El educado, aunque frío, el llamado de la mujer era directo: «Quiero entrevistarlo la próxima semana por mi canal personal».
También ella vive ahora en algún remoto lugar y su indiferencia hacia él –estando casi en el mismo sistema– nunca le permitió conocerla. Recuerda acerca de Maricruz lo que todos. Sabía que esa entrevista significaba una poderosa difusión para sus logros. Pero, recapacitó con crudeza, ya no lo necesitaba. (Luego, al meditar, se preguntó si, al contrario, el efecto favorecería a Maricruz, impregnándola del aura clásica que no poseía).
Si dudó en responder a Heina, el hombre contestó enseguida a la otra, con una sola pregunta: –¿Por qué?
En segundos ella replicó: «No lo sé, pero ya te envío oralmente algunos de mis temas». Y así fue. El hombre consideró al escucharlos que eran muy tontos, pero también que se podía tratar de un inicio general. Decidió esperar.
Al día siguiente recibió un material extenso: momentos culminantes, de tres minutos, de la nueva serie dirigida por ella. Cuando pudo verlos en la noche, todo allí parecía correcto y atractivo (trama, escenarios, rápidos parlamentos; encuadres, efectos especiales, musicalización, etcétera), excepto por dos
razones. El producto era fascinantemente banal, incoherente y venía acompañado por una petición (o una orden): «Quiero lanzar este programa con una introducción o comentario tuyo, de tres minutos, que se repetirá al inicio de cada episodio, en la difusión universal». Y de una cifra.
El hombre decidió volver a esperar.
Ella no mencionó de nuevo la entrevista. Había sido una manera de aproximarse.
2 Dejó pasar un mes sin responderles.
Como era de esperarse, Heina guardó silencio. Él lo consideró un gesto de discreción y dignidad y entonces decidió leer, revisar en lo posible el material que había enviado. Antes de hacerlo buscó en la pantalla aquellas imágenes que la mostraban hermosa y refinada, con un halo de transparencia que antes no había notado.

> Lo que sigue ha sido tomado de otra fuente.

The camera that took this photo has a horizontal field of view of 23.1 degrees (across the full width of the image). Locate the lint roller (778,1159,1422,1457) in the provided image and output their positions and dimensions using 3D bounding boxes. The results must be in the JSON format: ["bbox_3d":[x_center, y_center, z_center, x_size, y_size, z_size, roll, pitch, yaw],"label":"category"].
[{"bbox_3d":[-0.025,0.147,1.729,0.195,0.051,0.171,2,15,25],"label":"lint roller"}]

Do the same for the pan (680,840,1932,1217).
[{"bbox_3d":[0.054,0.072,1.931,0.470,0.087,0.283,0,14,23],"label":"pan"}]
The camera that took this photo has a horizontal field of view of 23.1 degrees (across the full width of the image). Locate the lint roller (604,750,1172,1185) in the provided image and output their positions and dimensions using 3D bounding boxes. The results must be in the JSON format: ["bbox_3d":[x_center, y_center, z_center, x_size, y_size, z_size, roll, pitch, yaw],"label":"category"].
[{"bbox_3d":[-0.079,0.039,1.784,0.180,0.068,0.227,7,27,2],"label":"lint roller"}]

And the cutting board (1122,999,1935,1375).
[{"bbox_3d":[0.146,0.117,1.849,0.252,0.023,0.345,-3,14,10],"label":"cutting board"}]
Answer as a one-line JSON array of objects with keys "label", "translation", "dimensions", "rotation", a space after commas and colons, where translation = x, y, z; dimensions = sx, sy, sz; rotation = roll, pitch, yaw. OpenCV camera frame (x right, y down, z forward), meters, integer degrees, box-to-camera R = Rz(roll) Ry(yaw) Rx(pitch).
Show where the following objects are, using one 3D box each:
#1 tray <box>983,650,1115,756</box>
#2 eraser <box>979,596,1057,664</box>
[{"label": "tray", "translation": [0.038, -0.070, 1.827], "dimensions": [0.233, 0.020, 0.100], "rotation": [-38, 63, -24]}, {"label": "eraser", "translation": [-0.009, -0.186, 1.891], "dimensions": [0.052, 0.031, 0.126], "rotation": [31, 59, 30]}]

Dedicó muchas horas. El texto era sórdido y puro, el perfil de un espíritu sometido a las ansiedades del conocimiento y a la comprensión de lenguajes y autores remotos. La huella de una vida que se había elevado a cielos ignotos y descendido a la humana carencia, a debilidades y sombras. Sacudido, iba a cerrar el equipo cuando advirtió un detalle separado, breve y pleno. Heina le confesaba que, si lo introducía en su red, este material y quizá toda su obra iba adquirir un nuevo vigor, la prueba de su durabilidad; le pedía que lo salvara del olvido.
El hombre sonrió y comenzó su trabajo para Heina.
Casi al mismo tiempo –¡oh, las coincidencias de nuevo!– asomó en su pantalla un nuevo mensaje de Maricruz Honey Salvatierra y Yem: solo una cifra, mayor que la anterior.
El hombre no respondió y eliminó sus correos.